BaseReward
BaseReward(
envs: VectorEnv, device: str = 'cpu', beta: float = 1.0, kappa: float = 0.0,
gamma: Optional[float] = None, rwd_norm_type: str = 'rms', obs_norm_type: str = 'rms'
)
Base class of reward module.
Args
- envs (VectorEnv) : The vectorized environments.

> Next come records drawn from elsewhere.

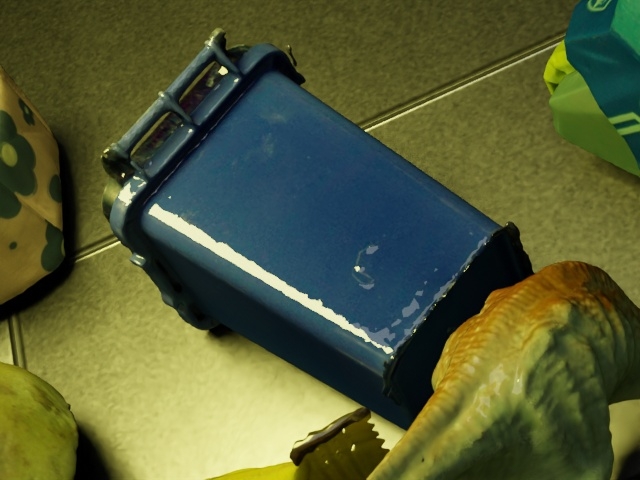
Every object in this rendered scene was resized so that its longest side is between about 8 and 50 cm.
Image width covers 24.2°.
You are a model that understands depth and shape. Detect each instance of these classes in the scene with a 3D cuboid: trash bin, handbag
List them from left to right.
[{"bbox_3d":[-0.330,-0.040,1.060,0.251,0.193,0.190,-21,47,8],"label":"handbag"},{"bbox_3d":[0.000,0.000,0.899,0.234,0.184,0.162,33,76,32],"label":"trash bin"}]

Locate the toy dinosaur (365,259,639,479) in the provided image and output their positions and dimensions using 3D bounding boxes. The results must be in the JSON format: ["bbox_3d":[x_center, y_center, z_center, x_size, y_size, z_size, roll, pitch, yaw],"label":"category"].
[{"bbox_3d":[0.094,0.111,0.745,0.092,0.393,0.205,-7,83,57],"label":"toy dinosaur"}]

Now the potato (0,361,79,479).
[{"bbox_3d":[-0.241,0.168,0.882,0.160,0.111,0.272,-29,34,31],"label":"potato"}]

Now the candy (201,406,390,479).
[{"bbox_3d":[-0.084,0.194,0.791,0.297,0.187,0.081,-33,69,-2],"label":"candy"}]

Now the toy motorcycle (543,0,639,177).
[{"bbox_3d":[0.259,-0.088,0.827,0.326,0.200,0.191,20,67,32],"label":"toy motorcycle"}]
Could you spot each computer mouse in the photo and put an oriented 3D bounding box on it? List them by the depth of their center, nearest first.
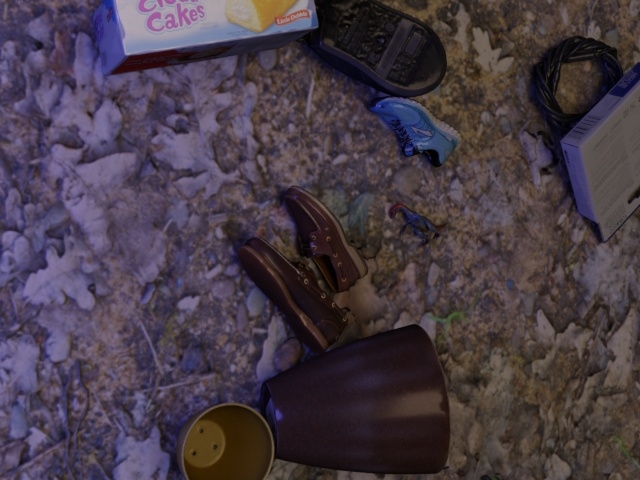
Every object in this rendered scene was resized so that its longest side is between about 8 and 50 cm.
[{"bbox_3d":[0.061,-0.306,1.739,0.272,0.072,0.188,34,77,-6],"label":"computer mouse"}]

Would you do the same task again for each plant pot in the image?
[{"bbox_3d":[-0.144,0.283,1.614,0.134,0.095,0.134,0,90,-28],"label":"plant pot"},{"bbox_3d":[0.038,0.238,1.667,0.230,0.215,0.215,-6,93,-15],"label":"plant pot"}]

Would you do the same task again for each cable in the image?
[{"bbox_3d":[0.428,-0.263,1.961,0.184,0.047,0.150,-45,104,-18],"label":"cable"}]

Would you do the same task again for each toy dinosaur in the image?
[{"bbox_3d":[0.144,-0.029,1.816,0.082,0.047,0.090,53,34,-8],"label":"toy dinosaur"}]

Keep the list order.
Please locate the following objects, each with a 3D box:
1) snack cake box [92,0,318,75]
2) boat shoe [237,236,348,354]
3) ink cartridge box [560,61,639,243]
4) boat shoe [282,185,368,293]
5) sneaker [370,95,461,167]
[{"bbox_3d":[-0.154,-0.291,1.563,0.264,0.152,0.089,-12,94,-20],"label":"snack cake box"},{"bbox_3d":[-0.037,0.067,1.690,0.073,0.073,0.207,-47,117,-22],"label":"boat shoe"},{"bbox_3d":[0.501,-0.145,1.976,0.223,0.045,0.224,-43,132,-22],"label":"ink cartridge box"},{"bbox_3d":[0.000,0.000,1.711,0.060,0.064,0.178,-45,112,-23],"label":"boat shoe"},{"bbox_3d":[0.141,-0.164,1.790,0.162,0.063,0.073,30,79,-25],"label":"sneaker"}]
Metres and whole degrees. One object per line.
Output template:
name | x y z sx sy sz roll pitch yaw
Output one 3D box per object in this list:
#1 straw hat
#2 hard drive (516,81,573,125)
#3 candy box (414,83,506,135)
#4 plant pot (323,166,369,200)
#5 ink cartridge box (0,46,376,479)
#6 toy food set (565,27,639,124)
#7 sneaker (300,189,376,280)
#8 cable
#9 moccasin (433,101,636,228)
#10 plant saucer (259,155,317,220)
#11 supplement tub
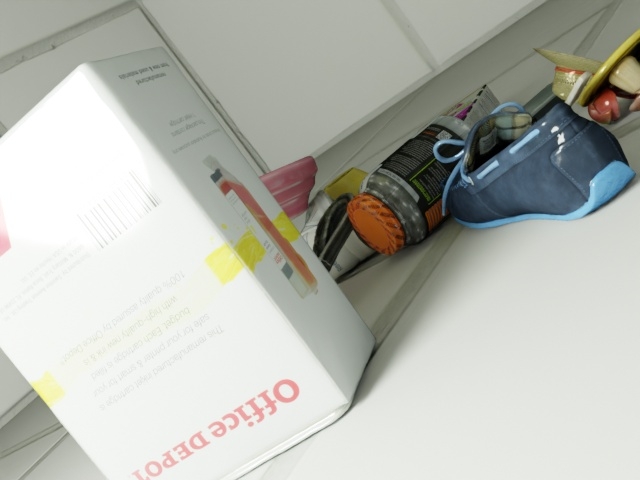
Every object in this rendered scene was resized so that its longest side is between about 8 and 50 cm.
straw hat | 0.358 -0.221 1.192 0.144 0.144 0.061 -74 -4 -76
hard drive | 0.344 -0.209 1.353 0.135 0.022 0.094 -40 9 -18
candy box | 0.223 -0.172 1.488 0.159 0.071 0.233 -33 9 30
plant pot | 0.060 -0.073 1.537 0.134 0.095 0.134 -36 9 7
ink cartridge box | -0.170 0.047 0.869 0.279 0.385 0.160 -34 6 22
toy food set | 0.377 -0.192 1.016 0.218 0.071 0.128 -39 -16 -21
sneaker | 0.000 0.000 1.377 0.129 0.111 0.297 -42 8 -1
cable | -0.023 0.042 1.150 0.287 0.072 0.139 -61 19 -17
moccasin | 0.216 -0.095 0.942 0.137 0.117 0.342 -40 9 -15
plant saucer | -0.150 -0.037 1.398 0.332 0.084 0.332 -24 5 2
supplement tub | 0.133 -0.073 1.168 0.190 0.117 0.117 -40 9 -21
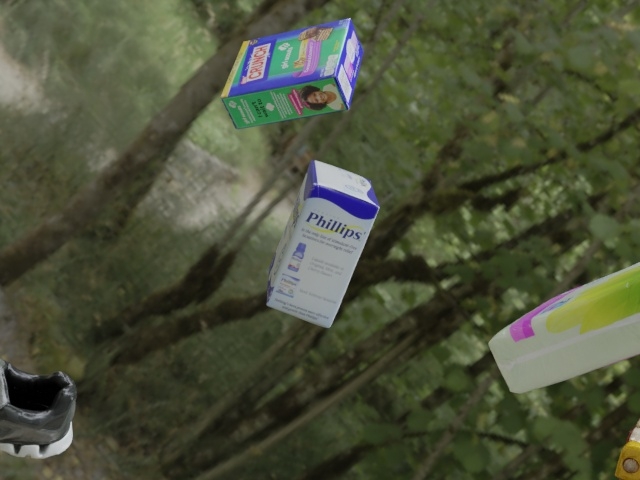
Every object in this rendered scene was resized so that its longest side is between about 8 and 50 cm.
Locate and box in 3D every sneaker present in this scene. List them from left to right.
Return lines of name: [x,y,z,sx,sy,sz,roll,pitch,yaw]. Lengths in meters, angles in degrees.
sneaker: [-0.330,0.150,0.934,0.234,0.106,0.078,4,43,-32]

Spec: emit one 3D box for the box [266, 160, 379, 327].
box: [0.000,0.000,1.052,0.072,0.137,0.126,20,14,-7]

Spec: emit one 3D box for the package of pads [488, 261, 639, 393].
package of pads: [0.411,0.100,1.395,0.229,0.296,0.101,-18,82,-51]

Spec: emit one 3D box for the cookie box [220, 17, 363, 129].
cookie box: [-0.024,-0.146,0.899,0.092,0.107,0.040,-77,151,-45]

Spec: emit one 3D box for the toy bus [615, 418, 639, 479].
toy bus: [0.198,0.187,0.556,0.104,0.191,0.202,16,-25,25]
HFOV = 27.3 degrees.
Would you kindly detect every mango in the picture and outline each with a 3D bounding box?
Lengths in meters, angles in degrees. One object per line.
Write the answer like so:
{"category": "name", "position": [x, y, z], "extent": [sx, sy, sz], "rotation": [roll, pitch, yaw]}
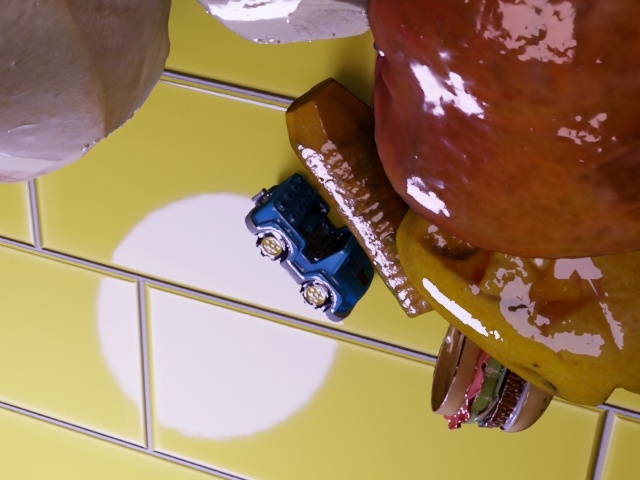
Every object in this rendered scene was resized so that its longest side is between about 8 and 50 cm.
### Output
{"category": "mango", "position": [0.261, 0.039, 1.464], "extent": [0.365, 0.182, 0.253], "rotation": [20, 99, 13]}

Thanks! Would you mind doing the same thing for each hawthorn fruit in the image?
{"category": "hawthorn fruit", "position": [0.259, -0.194, 1.173], "extent": [0.471, 0.472, 0.472], "rotation": [12, 126, 18]}

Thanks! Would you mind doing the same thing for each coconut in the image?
{"category": "coconut", "position": [-0.020, -0.323, 1.339], "extent": [0.247, 0.245, 0.245], "rotation": [3, 123, 34]}
{"category": "coconut", "position": [-0.374, -0.228, 1.461], "extent": [0.415, 0.415, 0.345], "rotation": [-29, 107, 37]}

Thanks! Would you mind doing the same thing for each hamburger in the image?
{"category": "hamburger", "position": [0.218, 0.160, 1.601], "extent": [0.137, 0.175, 0.175], "rotation": [19, 128, -2]}

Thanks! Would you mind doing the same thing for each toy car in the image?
{"category": "toy car", "position": [0.000, 0.000, 1.633], "extent": [0.100, 0.097, 0.191], "rotation": [-33, 104, 36]}

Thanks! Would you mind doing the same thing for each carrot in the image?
{"category": "carrot", "position": [0.069, -0.052, 1.557], "extent": [0.114, 0.114, 0.302], "rotation": [-21, 113, 35]}
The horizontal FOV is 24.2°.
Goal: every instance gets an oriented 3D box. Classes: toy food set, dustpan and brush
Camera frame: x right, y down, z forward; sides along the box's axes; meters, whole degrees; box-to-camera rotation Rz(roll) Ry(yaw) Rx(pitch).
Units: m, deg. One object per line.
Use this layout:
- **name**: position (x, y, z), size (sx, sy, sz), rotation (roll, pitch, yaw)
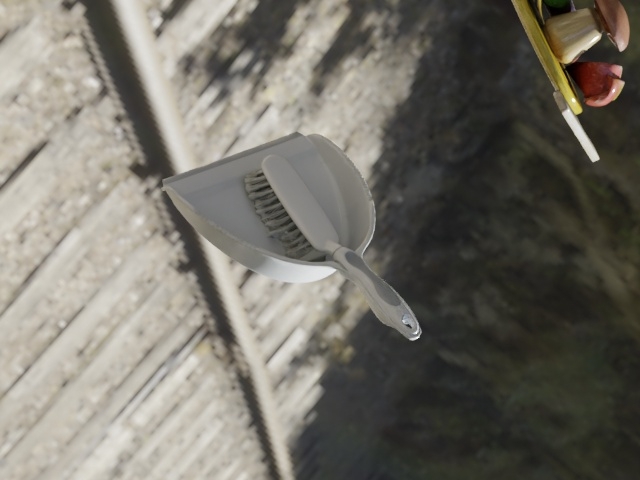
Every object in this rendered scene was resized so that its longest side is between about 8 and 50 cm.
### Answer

- device (str) : Device (cpu, cuda, ...) on which the code should be run.
- beta (float) : The initial weighting coefficient of the intrinsic rewards.
- kappa (float) : The decay rate of the weighting coefficient.
- gamma (Optional[float]) : Intrinsic reward discount rate, default is
None
. - rwd_norm_type (str) : Normalization type for intrinsic rewards from ['rms', 'minmax', 'none'].
- obs_norm_type (str) : Normalization type for observations data from ['rms', 'none'].
Returns
Instance of the base reward module.
Methods:
.weight
Get the weighting coefficient of the intrinsic rewards.
.scale
Scale the intrinsic rewards.
Args
- rewards (th.Tensor) : The intrinsic rewards with shape (n_steps, n_envs).
Returns
The scaled intrinsic rewards.
.normalize
Normalize the observations data, especially useful for images-based observations.
.init_normalization
Initialize the normalization parameters for observations if the RMS is used.
.watch
.watch(
observations: th.Tensor, actions: th.Tensor, rewards: th.Tensor,
terminateds: th.Tensor, truncateds: th.Tensor, next_observations: th.Tensor
)
Watch the interaction processes and obtain necessary elements for reward computation.
Args
- observations (th.Tensor) : Observations data with shape (n_envs, *obs_shape).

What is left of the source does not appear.